Cette fois-ci, les chèvres ont des flatulences... Re-observation des étoiles...

Jeudi 16 octobre Avant de partir, Pierre Lecut donne 1000 frs au chef du village pour racheter un chameau en remplacement de l’autre venant de se casser la cheville ; pas de chameau = pas d’eau.

Arrivée à Agadez en fin d’après-midi.

Vendredi 17 octobre Lever 8h 00 ! ! !

On découvre avec un certain énervement que les fournitures sont encore bloquées à Niamey. Donc, changement de programme, il faut retourner à Niamey pour tenter de débloquer la situation.

Comme il n’y a pas d’avion, nous décidons de repartir en voiture le surlendemain.

Samedi 18 octobre Derniers préparatifs du départ, visite des marchés, des dunes environnantes...

Dimanche 19 octobre Journée sur la route Agadez/Niamey, ponctuée par les prières du chauffeur et les barrages de l’armée.

Lundi 20 - Mardi 21 - Mercredi 22 Nous deux, on s’en est plutôt bien sorties par rapport à Pierre qui a du se résoudre à aller visiter les 4 ministères, et se heurter à l’administration nigérienne pour obtenir l’exonération des marchandises.
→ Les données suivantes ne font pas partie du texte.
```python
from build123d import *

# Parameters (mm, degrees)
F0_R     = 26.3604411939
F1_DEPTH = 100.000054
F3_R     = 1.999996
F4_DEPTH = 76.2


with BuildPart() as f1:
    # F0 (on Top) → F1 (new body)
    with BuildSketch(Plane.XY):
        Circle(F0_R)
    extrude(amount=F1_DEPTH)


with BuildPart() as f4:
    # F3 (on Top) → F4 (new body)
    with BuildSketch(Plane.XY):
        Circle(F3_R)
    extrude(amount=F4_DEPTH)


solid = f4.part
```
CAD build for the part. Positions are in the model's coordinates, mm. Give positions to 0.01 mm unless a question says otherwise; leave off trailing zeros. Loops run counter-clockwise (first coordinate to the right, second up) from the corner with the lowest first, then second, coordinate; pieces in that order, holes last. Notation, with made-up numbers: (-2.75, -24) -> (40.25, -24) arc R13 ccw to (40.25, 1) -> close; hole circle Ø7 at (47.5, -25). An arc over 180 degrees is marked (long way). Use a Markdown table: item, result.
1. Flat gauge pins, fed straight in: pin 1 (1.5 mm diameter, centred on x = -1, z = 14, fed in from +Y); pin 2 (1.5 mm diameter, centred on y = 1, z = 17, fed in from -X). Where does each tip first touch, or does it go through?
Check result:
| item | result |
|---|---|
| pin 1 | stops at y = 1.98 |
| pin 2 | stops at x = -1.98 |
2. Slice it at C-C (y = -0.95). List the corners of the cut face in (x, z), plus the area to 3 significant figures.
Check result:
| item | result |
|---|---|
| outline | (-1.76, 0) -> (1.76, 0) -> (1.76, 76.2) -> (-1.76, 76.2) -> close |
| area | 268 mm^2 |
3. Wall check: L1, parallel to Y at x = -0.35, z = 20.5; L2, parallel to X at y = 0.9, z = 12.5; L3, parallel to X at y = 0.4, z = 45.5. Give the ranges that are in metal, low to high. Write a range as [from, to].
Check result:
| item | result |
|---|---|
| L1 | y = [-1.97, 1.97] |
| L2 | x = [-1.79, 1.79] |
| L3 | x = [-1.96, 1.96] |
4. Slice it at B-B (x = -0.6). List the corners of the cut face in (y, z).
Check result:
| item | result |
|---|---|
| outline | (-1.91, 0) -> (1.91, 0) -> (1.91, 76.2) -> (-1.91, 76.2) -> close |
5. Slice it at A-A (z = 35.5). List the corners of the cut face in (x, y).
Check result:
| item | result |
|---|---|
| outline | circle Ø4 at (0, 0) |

Pour lui pas de grasses matinées, mais des salles d’attentes à n’en plus finir et des interlocuteurs partisans du moindre effort.

Mais heureusement, mercredi à 15h 30, l’autorisation a été obtenue dûment signée ; les marchandises n’ont pas été pillées ni même visitées.

Le départ approche, les gorges se serrent.

Avion à 8h 00 ; Arrivée le lendemain à 6h 00 à Roissy.

Et nous retrouvons notre désert : Paris.

NB : Conclusion
puce.gif (208 octets) un manque colossal de médicaments.
puce.gif (208 octets) financement très urgent d’un puits à Ararouss.
puce.gif (208 octets) financement d’une école en dur à Tibouhet.
puce.gif (208 octets) Tentative de reconnaissance par l’état nigérien de nos écoles.
puce.gif (208 octets) Classification de Grain de Sable comme ONG, ce qui faciliterait toute démarche administrative.
puce.gif (208 octets) Utilité des petits déjeuners ?
puce.gif (208 octets) Soutien nécessaire aux créations de coopératives.